Ein langjàngender Streit um Einnahmen zwischen dem Deutschen Skiverband (DSV) und dem Skiclub Partenkirchen hat das Skispringen-Projekt der Vierschanzentournee 2027 am Neujahrstag in Garmisch-Partenkirchen ins Wanken gebracht. Derzeit steht der 1. Januar-Rennen mit einem Sternchen im Wettkampfkalender des Weltverbandes FIS und fehlt eine Bestätigung für den Austragungsort. Stattdessen steht „GER“ für Germany. Als Neuererin soll es erstmals eine Tournee für Frauen und Männer geben. Es ergeben sich jedoch offene Fragen zu den Einnahmen und den Konsequenzen für die Zukunft. Der Deutsche Skiverband sieht Differenzen mit dem Olympia-Gastgeber und betont seine Bedeutung für die Vierschanzentournee. Gleichzeitig ist es medial durchgestochen, was zu einer medialen Sensation geführt hat.
Ein Streit ums Geld lässt das Skispringen im Rahmen der Vierschanzentournee am Neujahrstag in Garmisch-Partenkirchen wackeln. Der Disput zwischen dem Deutschen Skiverband und dem Skiclub Partenkirchen reicht so weit, dass der 1.

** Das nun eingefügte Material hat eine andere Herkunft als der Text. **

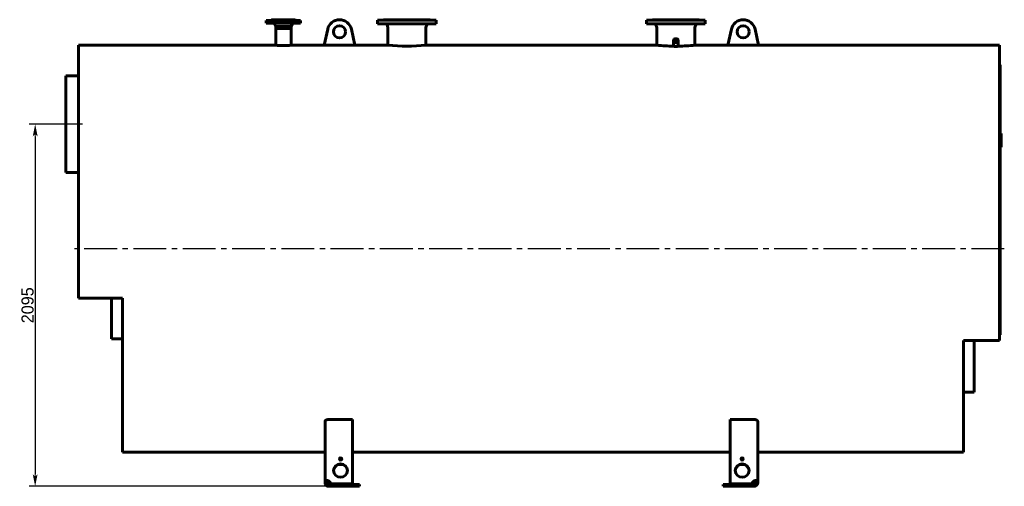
# Model space of a CAD drawing. Header units: millimetres. Extents: x 0 to 5566, y -164 to 841.
# Tile 3 of 6: x 1457 to 2027, y -135 to 135. Entities that reach past the tile are written whole.
import ezdxf

# ---------------------------------------------------------------- set-up
doc = ezdxf.new("R2010")
doc.units = ezdxf.units.MM
doc.linetypes.add('CENTER2_per3_scale0.863109', pattern=[24.663333, 16.442222, -2.74037, 2.74037, -2.74037])
doc.linetypes.add('CENTER2_perbb_scale0.998594', pattern=[28.534813, 19.023209, -3.170535, 3.170535, -3.170535])
doc.styles.add('TextStyle_1', font='T-FLEX Type A.TTF', dxfattribs={"height": 7})
doc.dimstyles.new('DIM_ST_1', dxfattribs={"dimtxt": 7, "dimasz": 7, "dimexe": 3.5, "dimexo": 0, "dimgap": 0.875, "dimtad": 1, "dimlfac": 10, "dimrnd": 0.01, "dimdsep": 46, "dimtxsty": 'TextStyle_1', "dimblk": 'Arrow_3_C7_Status', "dimcen": 0.09, "dimclrd": 7, "dimclre": 7, "dimclrt": 7, "dimazin": 0, "dimtfac": 1, "dimtdec": 0, "dimtmove": 0, "dimatfit": 0, "dimldrblk": 'NONE', "dimfxl": 1, "dimtvp": 1, "dimtolj": 1, "dimarcsym": 0})

# ---------------------------------------------------------------- blocks, each defined once
blk = doc.blocks.new('Arrow_3_C7_Status')
at = {"color": 7, "linetype": 'Continuous', "lineweight": 0}
blk.add_line((-1, 0), (-0.8, 0), dxfattribs=at)
at = {"color": 7}
blk.add_solid([(-1, -0.2), (0, 0), (-0.8, 0), (-1, 0.2)], dxfattribs=at)
blk = doc.blocks.new('*D7')
at = {"color": 7, "lineweight": -2}
for p, q in [((-270.71, 74.5), (-291.88, 74.5)), ((-288.38, 67.5), (-288.38, -128)), ((-117.31, -135), (-291.88, -135))]:
    blk.add_line(p, q, dxfattribs=at)
at = {"layer": 'Defpoints', "color": 0}
for p in [(-270.71, 74.5), (-288.38, -135), (-117.31, -135)]:
    blk.add_point(p, dxfattribs=at)
at = {"color": 7, "lineweight": -2, "xscale": 7, "yscale": 7, "zscale": 7}
for p, rotation in [((-288.38, 74.5), 89.99999999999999), ((-288.38, -135), 270)]:
    blk.add_blockref('Arrow_3_C7_Status', p, dxfattribs=dict(at, rotation=rotation))
at = {"color": 7, "insert": (-292.76, -30.25), "char_height": 7, "attachment_point": 5, "rotation": 90, "style": 'TextStyle_1'}
blk.add_mtext('\\A1;2095{\\H0.5x;\\S^ ;}', dxfattribs=at)
blk = doc.blocks.new('_None')
blk = doc.blocks.new('Проекция_11')
at = {"color": 7, "linetype": 'Continuous', "lineweight": 60}
for p, q in [((-134.71, 134.6), (-154.71, 134.6)), ((-154.71, 134.6), (-154.71, 132.9)), ((-134.71, 132.9), (-154.71, 132.9)), ((-151.76, 134.7), (-137.66, 134.7)), ((-151.76, 134.7), (-151.76, 134.6)), ((-151.61, 135), (-151.61, 134.85)), ((-151.61, 135), (-137.81, 135)), ((-149.7582, 132.4987), (-149.155, 131)), ((-140.265, 131), (-139.6618, 132.4987)), ((-137.81, 134.85), (-137.81, 135)), ((-137.66, 134.6), (-137.66, 134.7)), ((-134.71, 132.9), (-134.71, 134.6)), ((-90.21, 134.8), (-56.21, 134.8)), ((-90.21, 134.8), (-90.21, 132.6)), ((-90.21, 132.6), (-56.21, 132.6)), ((-86.61, 135), (-59.81, 135)), ((-84.7214, 131.9399), (-84.2245, 130.5647)), ((-62.1955, 130.5647), (-61.6986, 131.9399)), ((-56.21, 132.6), (-56.21, 134.8)), ((65.49, 134.8), (65.49, 132.6)), ((65.49, 134.8), (99.49, 134.8)), ((65.49, 132.6), (99.49, 132.6)), ((69.09, 135), (95.89, 135)), ((70.9786, 131.9399), (71.4755, 130.5647)), ((93.5045, 130.5647), (94.0014, 131.9399)), ((99.49, 132.6), (99.49, 134.8)), ((-149.155, 131), (-149.155, 130)), ((-149.155, 131), (-140.265, 131)), ((-140.265, 130), (-149.155, 130)), ((-149.155, 130), (-149.155, 120.2)), ((-149.155, 130), (-140.265, 130)), ((-140.265, 130), (-140.265, 131)), ((-140.265, 120.2), (-140.265, 130)), ((-119.0558, 129.4613), (-121.0333, 120.1973)), ((-103.3867, 120.1973), (-105.3642, 129.4613)), ((-84.165, 130.2249), (-84.165, 120.2)), ((-62.255, 120.2), (-62.255, 130.2249)), ((71.535, 130.2249), (71.535, 120.2)), ((93.445, 120.2), (93.445, 130.2249)), ((112.6667, 120.1973), (114.6442, 129.4613)), ((128.3358, 129.4613), (130.3133, 120.1973)), ((-149.154, 120.2), (-263.311, 120.2)), ((-263.311, -26.1), (-263.311, 120.2)), ((-121.0327, 120.2), (-140.265, 120.2)), ((-103.3867, 120.1973), (-121.0333, 120.1973)), ((-84.165, 120.2), (-103.3873, 120.2)), ((71.535, 120.2), (-62.255, 120.2)), ((81.14, 122.8499), (81.14, 119.7316)), ((83.84, 119.7316), (83.84, 122.8499)), ((112.6673, 120.2), (93.445, 120.2)), ((112.6667, 120.1973), (130.3133, 120.1973)), ((269.79, 120.2), (130.3127, 120.2)), ((269.79, 120.2), (269.79, -50.6)), ((270.29, 108.8792), (269.79, 108.8792)), ((270.29, 108.879), (270.29, 108.8792)), ((270.29, 108.879), (270.29, -47.0796)), ((-263.311, 102.5), (-270.71, 102.5)), ((-270.71, 102.5), (-270.71, 74.5024)), ((-270.71, 74.4976), (-270.71, 74.5024)), ((-270.71, 74.4976), (-270.71, 46.5)), ((270.71, 69.2134), (270.29, 69.2134)), ((270.71, 69.2131), (270.71, 69.2134)), ((270.71, 66.713), (270.71, 69.2131)), ((270.71, 66.713), (270.29, 66.713)), ((270.29, 66.7071), (270.71, 66.7071)), ((270.71, 66.6577), (270.29, 66.6577)), ((270.71, 66.5368), (270.29, 66.5368)), ((270.71, 66.2568), (270.29, 66.2568)), ((270.71, 66.2227), (270.29, 66.2227)), ((270.71, 66.1917), (270.29, 66.1917)), ((270.71, 65.8652), (270.29, 65.8652)), ((270.71, 65.5894), (270.29, 65.5894)), ((270.71, 65.2629), (270.29, 65.2629)), ((270.71, 65.1616), (270.29, 65.1616)), ((270.71, 64.8517), (270.29, 64.8517)), ((270.71, 64.7494), (270.29, 64.7494)), ((270.71, 64.7329), (270.29, 64.7329)), ((270.71, 64.7143), (270.29, 64.7143)), ((270.71, 64.6078), (270.29, 64.6078)), ((270.71, 64.2999), (270.29, 64.2999)), ((270.71, 64.1626), (270.29, 64.1626)), ((270.71, 64.053), (270.29, 64.053)), ((270.71, 63.9363), (270.29, 63.9363)), ((270.71, 63.3515), (270.29, 63.3515)), ((270.71, 63.2771), (270.29, 63.2771)), ((270.71, 66.7098), (270.71, 66.711)), ((270.71, 66.7071), (270.71, 66.7098)), ((270.71, 66.6577), (270.71, 66.7062)), ((270.71, 66.5368), (270.71, 66.6577)), ((270.71, 66.2568), (270.71, 66.5368)), ((270.71, 66.2227), (270.71, 66.2568)), ((270.71, 65.8652), (270.71, 66.1917)), ((270.71, 65.5894), (270.71, 65.8652)), ((270.71, 65.2629), (270.71, 65.5894)), ((270.71, 64.8517), (270.71, 65.1616)), ((270.71, 64.7494), (270.71, 64.8517)), ((270.71, 64.7329), (270.71, 64.7494)), ((270.71, 64.7143), (270.71, 64.7329)), ((270.71, 64.6078), (270.71, 64.7143)), ((270.71, 64.2999), (270.71, 64.6078)), ((270.71, 64.053), (270.71, 64.1626)), ((270.71, 63.9363), (270.71, 64.053)), ((270.71, 63.7575), (270.71, 63.9363)), ((270.71, 63.5788), (270.71, 63.7575)), ((270.71, 63.43), (270.71, 63.5788)), ((270.71, 63.3515), (270.71, 63.43)), ((270.71, 62.5683), (270.71, 63.2771)), ((270.71, 62.5683), (270.29, 62.5683)), ((270.71, 62.4423), (270.29, 62.4423)), ((270.71, 62.2202), (270.29, 62.2202)), ((270.71, 62.1127), (270.29, 62.1127)), ((270.71, 61.872), (270.29, 61.872)), ((270.71, 61.7377), (270.29, 61.7377)), ((270.71, 61.6973), (270.29, 61.6973)), ((270.71, 61.6741), (270.29, 61.6741)), ((270.71, 61.655), (270.29, 61.655)), ((270.71, 61.5197), (270.29, 61.5197)), ((270.71, 61.2789), (270.29, 61.2789)), ((270.71, 62.2202), (270.71, 62.4423)), ((270.71, 61.872), (270.71, 62.1127)), ((270.71, 61.7377), (270.71, 61.872)), ((270.71, 61.7154), (270.71, 61.7377)), ((270.71, 61.6973), (270.71, 61.7154)), ((270.71, 61.6741), (270.71, 61.6973)), ((270.71, 61.655), (270.71, 61.6741)), ((270.71, 61.5197), (270.71, 61.655)), ((270.71, 61.2789), (270.71, 61.5197)), ((-270.71, 46.5), (-263.311, 46.5)), ((-237.811, -26.1), (-263.311, -26.1)), ((-244.11, -49.75), (-244.11, -26.1)), ((-237.811, -26.1), (-237.811, -115.2)), ((-244.11, -49.75), (-237.811, -49.75)), ((249.09, -50.6), (249.09, -115.2)), ((269.79, -50.6), (249.09, -50.6)), ((255.19, -80.5), (255.19, -50.6)), ((270.29, -47.4), (269.79, -47.4)), ((270.29, -47.0796), (270.29, -47.4)), ((249.09, -80.5), (255.19, -80.5)), ((-104.61, -96.3769), (-118.61, -96.3769)), ((-104.61, -96.3769), (-104.61, -133.6446)), ((113.89, -133.6446), (113.89, -96.3769)), ((127.89, -96.3769), (113.89, -96.3769)), ((-120.61, -132.3531), (-120.61, -97.4978)), ((129.89, -97.4978), (129.89, -132.3531)), ((-237.811, -115.2), (-120.61, -115.2)), ((-104.61, -115.2), (113.89, -115.2)), ((129.89, -115.2), (249.09, -115.2)), ((-120.61, -132.3531), (-120.61, -133)), ((-120.61, -132.3531), (-119.61, -132.3531)), ((-120.61, -133), (-119.61, -133)), ((-119.61, -132.3531), (-119.61, -133)), ((-118.61, -132.0943), (-118.61, -131.8355)), ((-118.61, -134), (-118.61, -135)), ((-118.61, -134), (-117.3103, -134)), ((-118.61, -135), (-117.3103, -135)), ((-104.61, -133.6446), (-117.3103, -133.6446)), ((-117.3103, -133.9034), (-117.3103, -133.6446)), ((-104.61, -133.9034), (-117.3103, -133.9034)), ((-117.3103, -134), (-117.3103, -135)), ((-100.61, -134), (-117.3103, -134)), ((-117.3103, -135), (-100.61, -135)), ((-104.61, -133.6446), (-104.61, -133.9034)), ((-100.61, -135), (-100.61, -134)), ((126.5903, -134), (109.89, -134)), ((109.89, -134), (109.89, -135)), ((109.89, -135), (126.5903, -135)), ((126.5903, -133.6446), (113.89, -133.6446)), ((113.89, -133.6446), (113.89, -133.9034)), ((126.5903, -133.9034), (113.89, -133.9034)), ((126.5903, -133.9034), (126.5903, -133.6446)), ((126.5903, -134), (127.89, -134)), ((126.5903, -135), (126.5903, -134)), ((126.5903, -135), (127.89, -135)), ((127.89, -132.0943), (127.89, -131.8355)), ((127.89, -134), (127.89, -135)), ((128.89, -133), (128.89, -132.3531)), ((129.89, -132.3531), (128.89, -132.3531)), ((129.89, -133), (128.89, -133)), ((129.89, -133), (129.89, -132.3531))]:
    blk.add_line(p, q, dxfattribs=at)
at = {"color": 7, "linetype": 'CENTER2_per3_scale0.863109', "lineweight": 25}
blk.add_line((-260.9777, 74.5), (-273.0433, 74.5), dxfattribs=at)
at = {"color": 7, "linetype": 'CENTER2_perbb_scale0.998594', "lineweight": 25}
blk.add_line((272.6233, 2.5), (-265.6443, 2.5), dxfattribs=at)
at = {"color": 7, "lineweight": 60, "flags": 128}
for points in [[(81.056, 119.6978), (81.047, 119.7806), (81.0405, 119.9), (81.0416, 120.02), (81.0499, 120.1398), (81.0655, 120.2587), (81.0882, 120.3762), (81.115, 120.4813), (81.14, 120.5609)], [(81.0496, 119.7568), (81.0504, 119.7582), (81.0619, 119.7698)], [(81.0619, 119.7698), (81.0734, 119.8379), (81.0872, 119.9056), (81.1136, 120.0107), (81.14, 120.0954)], [(83.8398, 119.7316), (83.84, 119.7307), (83.8358, 119.7151), (83.8277, 119.703), (83.8151, 119.6908), (83.7979, 119.6785), (83.7762, 119.6662), (83.7482, 119.6531), (83.7145, 119.6399), (83.6751, 119.6267), (83.6295, 119.6136), (83.5775, 119.6006), (83.5188, 119.5878), (83.4677, 119.5779), (83.4117, 119.5681), (83.3506, 119.5586), (83.2843, 119.5494), (83.2126, 119.5407), (83.1595, 119.535), (83.1033, 119.5295), (83.0442, 119.5244), (82.9823, 119.5196), (82.9177, 119.5154), (82.8516, 119.5117), (82.7828, 119.5085), (82.7119, 119.506), (82.6395, 119.5042), (82.5654, 119.503), (82.4903, 119.5027), (82.4153, 119.503), (82.3412, 119.5041), (82.2752, 119.5058), (82.2104, 119.508), (82.1473, 119.5107), (82.0864, 119.5139), (82.019, 119.5182), (81.9545, 119.5229), (81.8929, 119.528), (81.8344, 119.5336), (81.7791, 119.5394), (81.7128, 119.5473), (81.651, 119.5555), (81.5936, 119.564), (81.5404, 119.5728), (81.4914, 119.5818), (81.4463, 119.5909), (81.3962, 119.6021), (81.3511, 119.6135), (81.311, 119.6249), (81.2756, 119.6364), (81.2438, 119.6482), (81.2165, 119.6599), (81.1936, 119.6717), (81.1749, 119.6833), (81.1557, 119.6993), (81.1441, 119.7151), (81.1399, 119.7307), (81.1401, 119.7316)], [(83.84, 120.561), (83.8625, 120.4901), (83.8887, 120.3893), (83.9096, 120.2871), (83.9252, 120.1839), (83.9352, 120.0802), (83.9397, 119.9764), (83.939, 119.8833), (83.9338, 119.7904), (83.924, 119.6978)], [(83.84, 120.0946), (83.8664, 120.0108), (83.896, 119.891), (83.9181, 119.7698)], [(83.9181, 119.7698), (83.9263, 119.762), (83.9302, 119.7562)], [(-120.61, -97.4978), (-120.6066, -97.4336), (-120.5963, -97.3693), (-120.5792, -97.3053), (-120.5555, -97.2417), (-120.5253, -97.1789), (-120.4885, -97.1172), (-120.4451, -97.0566), (-120.3951, -96.9972), (-120.3388, -96.9391), (-120.2765, -96.8828), (-120.2083, -96.8285), (-120.1346, -96.7766), (-120.0568, -96.728), (-119.9736, -96.6817), (-119.8854, -96.6379), (-119.7927, -96.5969), (-119.6958, -96.559), (-119.5952, -96.5244), (-119.4956, -96.4946), (-119.3926, -96.4678), (-119.2867, -96.4442), (-119.1785, -96.424), (-119.0684, -96.4073), (-118.9571, -96.3942), (-118.8422, -96.3846), (-118.7262, -96.3788), (-118.61, -96.3769)], [(127.89, -96.3769), (127.9982, -96.3786), (128.1063, -96.3837), (128.2139, -96.392), (128.3205, -96.4037), (128.4256, -96.4185), (128.5286, -96.4365), (128.6295, -96.4576), (128.7283, -96.4818), (128.8246, -96.5089), (128.9181, -96.5387), (129.0084, -96.5712), (129.0949, -96.6062), (129.1796, -96.6444), (129.2604, -96.6852), (129.3372, -96.7283), (129.4096, -96.7734), (129.4774, -96.8205), (129.5402, -96.8692), (129.6007, -96.9218), (129.6558, -96.9763), (129.7054, -97.0323), (129.7494, -97.0895), (129.7875, -97.1477), (129.8196, -97.2067), (129.8448, -97.2641), (129.8645, -97.3222), (129.8786, -97.3806), (129.8872, -97.4392), (129.89, -97.4978)], [(-118.61, -131.8355), (-118.7102, -131.7989), (-118.8112, -131.7663), (-118.9126, -131.7378), (-119.0169, -131.7126), (-119.121, -131.6917), (-119.2242, -131.675), (-119.3228, -131.6629), (-119.4201, -131.6547), (-119.5154, -131.6503), (-119.6114, -131.6499), (-119.7048, -131.6536), (-119.7951, -131.6612), (-119.8759, -131.6718), (-119.9536, -131.6858), (-120.0277, -131.7031), (-120.1002, -131.7243), (-120.1685, -131.7489), (-120.2323, -131.7768), (-120.2892, -131.8065), (-120.3417, -131.8392), (-120.3897, -131.8746), (-120.4342, -131.914), (-120.4738, -131.9562), (-120.5083, -132.0012), (-120.5393, -132.0518), (-120.5646, -132.1053), (-120.5843, -132.1616), (-120.5987, -132.2226), (-120.6072, -132.2865), (-120.61, -132.3531)], [(-118.61, -132.0943), (-118.6732, -132.0484), (-118.7388, -132.0067), (-118.8061, -131.9698), (-118.8744, -131.9381), (-118.93, -131.9167), (-118.986, -131.8991), (-119.0417, -131.8854), (-119.0967, -131.8758), (-119.1502, -131.8705), (-119.2068, -131.8699), (-119.2613, -131.8744), (-119.3128, -131.8842), (-119.3607, -131.899), (-119.4007, -131.9168), (-119.4375, -131.9386), (-119.4707, -131.9641), (-119.5003, -131.9932), (-119.5265, -132.0262), (-119.5489, -132.0626), (-119.5676, -132.102), (-119.5827, -132.144), (-119.595, -132.1925), (-119.6035, -132.2439), (-119.6084, -132.2975), (-119.61, -132.3531)], [(129.89, -132.3531), (129.8875, -132.29), (129.8798, -132.2293), (129.867, -132.1712), (129.8482, -132.1141), (129.8236, -132.0599), (129.7934, -132.0087), (129.7587, -131.962), (129.7186, -131.9183), (129.6733, -131.8776), (129.6212, -131.8388), (129.5637, -131.8034), (129.5011, -131.7714), (129.4383, -131.7449), (129.3714, -131.7215), (129.3007, -131.7013), (129.2239, -131.6838), (129.1434, -131.6699), (129.0596, -131.6596), (128.9764, -131.6531), (128.8906, -131.6499), (128.8025, -131.6502), (128.7099, -131.654), (128.6154, -131.6616), (128.5196, -131.6728), (128.417, -131.6888), (128.3135, -131.709), (128.2097, -131.7334), (128.1026, -131.7629), (127.9958, -131.797), (127.89, -131.8355)], [(128.89, -132.3531), (128.888, -132.2903), (128.8816, -132.23), (128.8706, -132.1728), (128.8544, -132.1193), (128.8374, -132.0791), (128.8165, -132.0416), (128.7919, -132.007), (128.7635, -131.9759), (128.7315, -131.9485), (128.6923, -131.923), (128.6487, -131.9022), (128.6013, -131.8864), (128.5506, -131.8757), (128.5021, -131.8706), (128.4514, -131.8697), (128.399, -131.8731), (128.3454, -131.8806), (128.29, -131.8926), (128.234, -131.9086), (128.1778, -131.9286), (128.1222, -131.9523), (128.0622, -131.9822), (128.0033, -132.016), (127.9457, -132.0535), (127.89, -132.0943)]]:
    blk.add_lwpolyline(points, dxfattribs=at)
at = {"color": 7, "linetype": 'Continuous', "lineweight": 60}
for centre in [(-112.21, 128), (121.49, 128)]:
    blk.add_circle(centre, 3.5, dxfattribs=at)
for centre, radius, start, end in [((-151.76, 134.85), 0.15, 270, 0), ((-150.5004, 132.2), 0.8, 21.924785, 61.044976), ((-138.9196, 132.2), 0.8, 118.955024, 158.075215), ((-137.66, 134.85), 0.15, 180, 270), ((-112.21, 128), 7, 12.049568, 167.950432), ((-86.81, 135), 0.2, 270, 359.999972), ((-85.6619, 131.6), 1, 19.868013, 90), ((-60.7581, 131.6), 1, 90, 160.131987), ((-59.61, 135), 0.2, 180.000028, 270), ((68.89, 135), 0.2, 270, 360), ((70.0381, 131.6), 1, 19.868013, 90), ((94.9419, 131.6), 1, 90, 160.131987), ((96.09, 135), 0.2, 180, 270), ((121.49, 128), 7, 12.049568, 167.950432), ((-85.165, 130.2249), 1, 0, 19.868013), ((-61.255, 130.2249), 1, 160.131987, 180), ((70.535, 130.2249), 1, 0, 19.868013), ((94.445, 130.2249), 1, 160.131987, 179.999994), ((-144.71, 237.8186), 117.7026, 267.836206, 272.164276), ((-73.21, 237.3905), 117.7015, 264.659543, 275.340503), ((82.525, 238.0621), 118.3734, 264.672868, 269.288912), ((82.455, 238.0608), 118.372, 270.711062, 275.327159), ((-118.6101, -133.0001), 1.9999, 179.998025, 270.001975), ((-118.6099, -132.9999), 1.0001, 180.006163, 269.993837), ((127.8899, -132.9999), 1.0001, 270.006163, 359.993837), ((127.8901, -133.0001), 1.9999, 269.998025, 0.001975)]:
    blk.add_arc(centre, radius, start, end, dxfattribs=at)
for centre, major_axis, ratio in [((82.49, 122.8499), (1.35, 0), 0.8660254), ((82.49, 122.8499), (1.048, 0), 0.8660254), ((82.49, 122.7916), (-0.9315, 0), 0.8660254), ((-111.61, -119.1557), (-0.65, 0), 0.96592583), ((120.89, -119.1557), (0.65, 0), 0.96592583), ((-111.61, -125.9172), (-4, 0), 0.96592583), ((120.89, -125.9172), (4, 0), 0.96592583)]:
    blk.add_ellipse(centre, major_axis=major_axis, ratio=ratio, dxfattribs=at)
for centre, major_axis, start_param, end_param in [((-111.61, -119.4145), (-0.65, 0), 3.34919545, 6.07558251), ((120.89, -119.4145), (0.65, 0), 0.2076028, 2.93398986), ((-111.61, -126.176), (-4, 0), 3.17509257, 6.24968539), ((120.89, -126.176), (4, 0), 0.03349991, 3.10809274), ((-119.7881, -133.9654), (2.5, 0), 0.13323417, 1.08010144), ((-119.7881, -134.2242), (2.5, 0), 0.13323417, 1.08010144), ((129.0681, -133.9654), (-2.5, 0), 5.20308387, 6.14995114), ((129.0681, -134.2242), (-2.5, 0), 5.20308387, 6.14995114)]:
    blk.add_ellipse(centre, major_axis=major_axis, ratio=0.96592583, start_param=start_param, end_param=end_param, dxfattribs=at)
dim = blk.add_linear_dim(base=(-288.38, -135), p1=(-270.71, 74.5), p2=(-117.3103, -135), angle=270, text='<>{\\H0.5x;\\S^ ;}', dimstyle='DIM_ST_1')
dim.commit()
dim.dimension.update_dxf_attribs({"geometry": '*D7', "text_midpoint": (-288.38, -30.25), "dimtype": 160})

msp = doc.modelspace()

# ---------------------------------------------------------------- block references
msp.add_blockref('Проекция_11', (1754.102, 0))

doc.saveas('drawing.dxf')

Jänner 2027 im Wettkampfkalender des Weltverbandes aktuell mit drei Sternchen versehen ist und eine Bestätigung für den Austragungsort fehlt. Stattdessen steht „GER“ für Germany. Erstmals soll es eine Tournee für Frauen und Männer sein. Es gibt Zeitpläne, es gibt ein Konzept und zugleich die offene Frage: Wer bekommt wie viel von den Einnahmen?
Wie ändert sich das, wenn im kommenden Winter die Frauen an Silvester integriert werden und das Neujahrsspringen erstmals unter Flutlicht statt wie bisher um 14 Uhr steigt? Wie zuerst die „Bild“ berichtete, will der Skiclub in Partenkirchen deutlich mehr als die niedrige siebenstellige Summe, die er bisher erhält. Dazu erhält der Verein die Einnahmen der Ticketverkäufe, muss aber auch die Infrastruktur für das Großereignis stellen.
Bis zu 30 Prozent zusätzlich fordert der Club dem Vernehmen nach vom DSV, der maßgeblich über die TV-Verträge und durch Sponsoren an dem Event verdient.
„Wir tragen das komplette Risiko, hatten 22 Jahre lang aber keine signifikanten Zahlungsanpassungen. In den vergangenen beiden Jahren hatten wir bei der Tournee Fehlbeträge in unseren Kassen“, sagte Michael Maurer als Präsident des Skiclubs Partenkirchen der „Süddeutschen Zeitung“. Der Deutsche Skiverband stellt fest, dass es seit ein paar Jahren Differenzen mit dem Olympia-Gastgeber von 1936 gibt. Die Tournee ist seit der Gründung 1953 für die vier Orte Oberstdorf, Garmisch-Partenkirchen, Innsbruck und Bischofshofen bekannt.
„Ohne uns gibt es keine Vierschanzentournee“, sagte Maurer. Die FIS und der DSV stehen dementsprechend unter Druck. Dass der Zwist in der wettkampffreien Zeit medial durchgestochen wurde, dürfte kein Zufall sein. Die Organisatoren des SC Partenkirchen verweisen öffentlichkeitswirksam auf die Thematik, die Fans und TV-Zuschauern bisher gänzlich unbekannt war.
Für die erstmalige Austragung der Frauentournee im Winter 2026/27 ist geplant, dass die Frauen jeweils am Tag der Qualifikation der Männer ihre Wettbewerbe austragen. FIS-Präsident Johan Eliasch hatte die Einführung als „einen wahren Meilenstein in der Geschichte des Skispringens und des Wintersports insgesamt“ bezeichnet. User-Beiträge geben nicht notwendigerweise die Meinung des Betreibers/der Redaktion bzw. von Krone Multimedia wieder. In diesem Sinne distanziert sich die Redaktion/der Betreiber von den Inhalten in diesem Diskussionsforum.